# WHAT YOU WILL DO
The pictures do not belong in the copy. Restate all of the records word for word.

Stored dataset items:
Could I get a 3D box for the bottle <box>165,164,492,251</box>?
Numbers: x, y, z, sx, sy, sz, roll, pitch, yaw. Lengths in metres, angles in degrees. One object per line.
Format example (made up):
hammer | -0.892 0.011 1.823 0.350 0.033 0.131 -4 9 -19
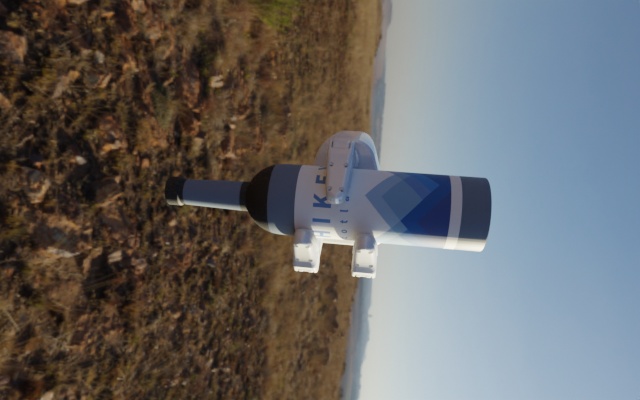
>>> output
bottle | 0.000 0.001 0.446 0.296 0.069 0.069 4 0 7

# SOLUTION FOR THIS PROBLEM
Could I get a 3D box for the bottle <box>165,164,492,251</box>?
Numbers: x, y, z, sx, sy, sz, roll, pitch, yaw. Lengths in metres, angles in degrees. One object per line.
Format example (made up):
hammer | -0.892 0.011 1.823 0.350 0.033 0.131 -4 9 -19
>>> output
bottle | 0.000 0.001 0.446 0.296 0.069 0.069 4 0 7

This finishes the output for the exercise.